– Вот что, милочка! – крикнул из зала мастер. – Попробуйте теперь объясниться в любви. Своими словами.
– Кому? – угрюмо спросила Панасюк.
– Можно мне. Впрочем, объяснитесь-ка Тане, – и он указал на меня.
– В любви?
– Да, а что вас смущает?
Девица с ненавистью посмотрела на меня, потом закрыла глаза, втянула носом воздух, набралась решимости и начала:
– Солнце мое!

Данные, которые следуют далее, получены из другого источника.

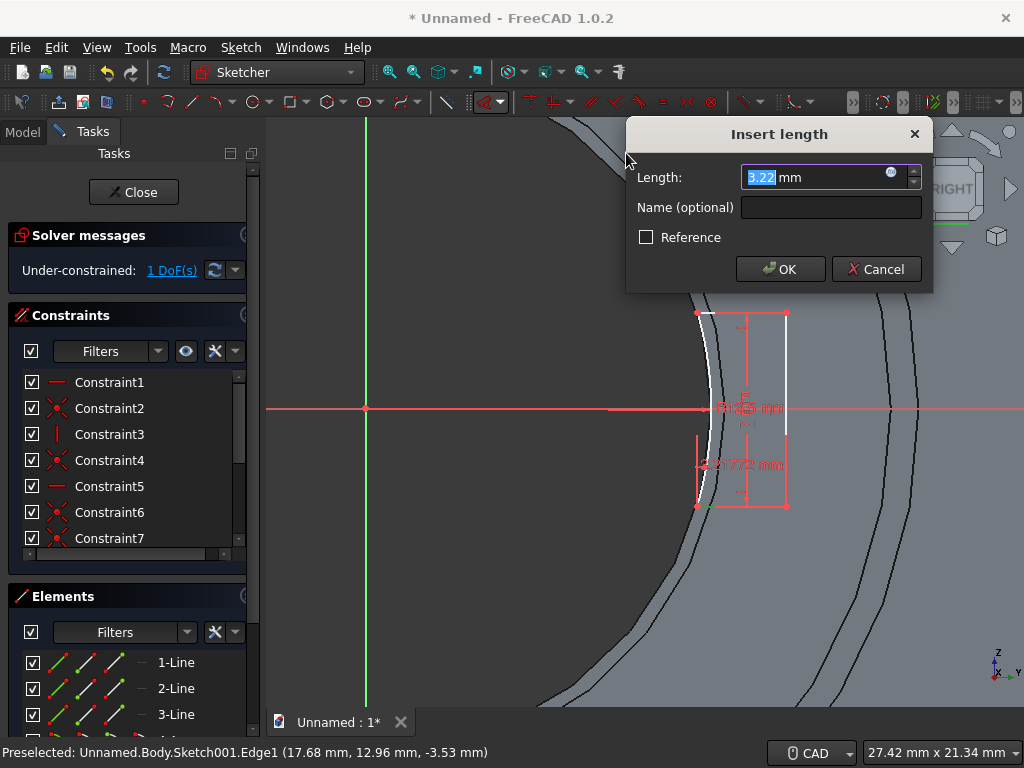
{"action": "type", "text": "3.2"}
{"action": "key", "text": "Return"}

Я думаю только о тебе! Твои глаза цвета речного песка... – и она безнадежно замолчала. Речной песок она с большим удовольствием бросила бы мне в глаза.
– Ну, в чем дело?
– Я не могу объясняться в любви женщине.
– Пусть она изобразит стриптиз! – крикнул со своего места Микитасов. – Или просто станцует.
В руках у него был магнитофон. Он нажал кнопку – заиграл полонез Огинского. Тяжело подпрыгивая и сотрясаясь всем телом, девица попыталась изобразить изящный танец, чем привела Микитасова в неподдельный восторг.

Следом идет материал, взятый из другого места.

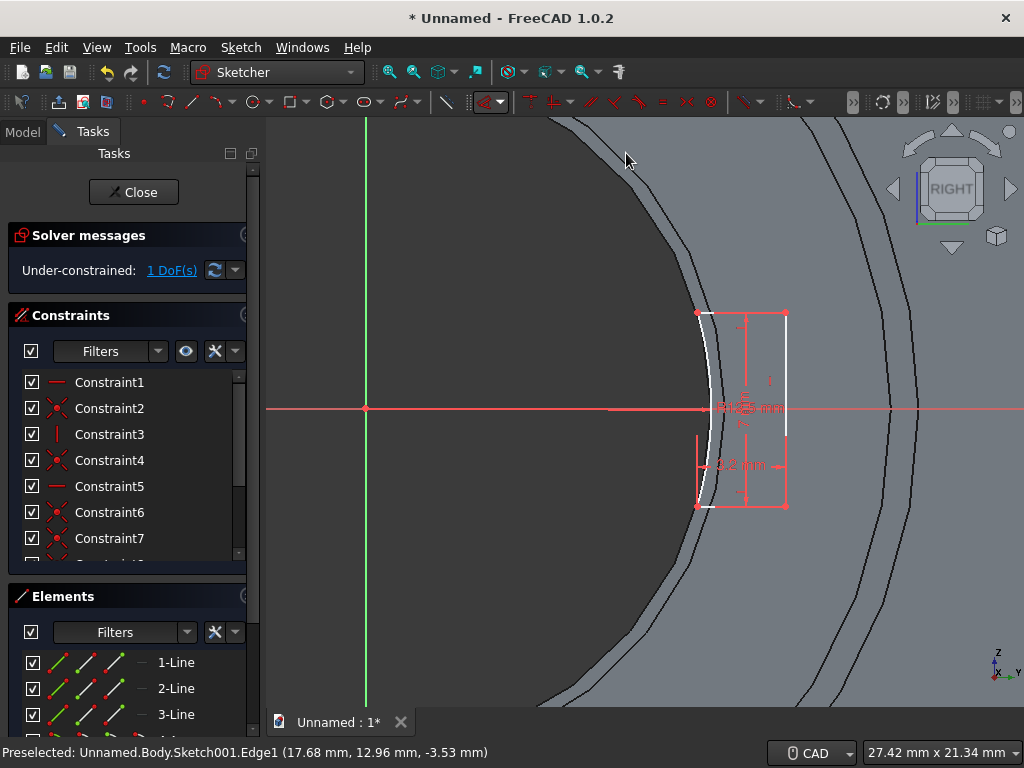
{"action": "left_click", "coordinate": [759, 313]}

– Вы куда поступали? – крикнул Эдуард Гербертович.
– В Щепкинское.
– А еще?
– В Щукинское.
Потом выяснилось, что девица поступала и в студию Олега Табакова, и в эстрадно-цирковое училище, и еще непонятно куда, пока не узнала, что наша театральная студия при Доме культуры автомобилистов набирает желающих на платные курсы актерского мастерства.
– Искусство не продается! – прикрыв руками лицо, пробормотал Эдуард Гербертович. – О результатах собеседования мы сообщим вам позже. Следующий! – уже в полный голос крикнул он.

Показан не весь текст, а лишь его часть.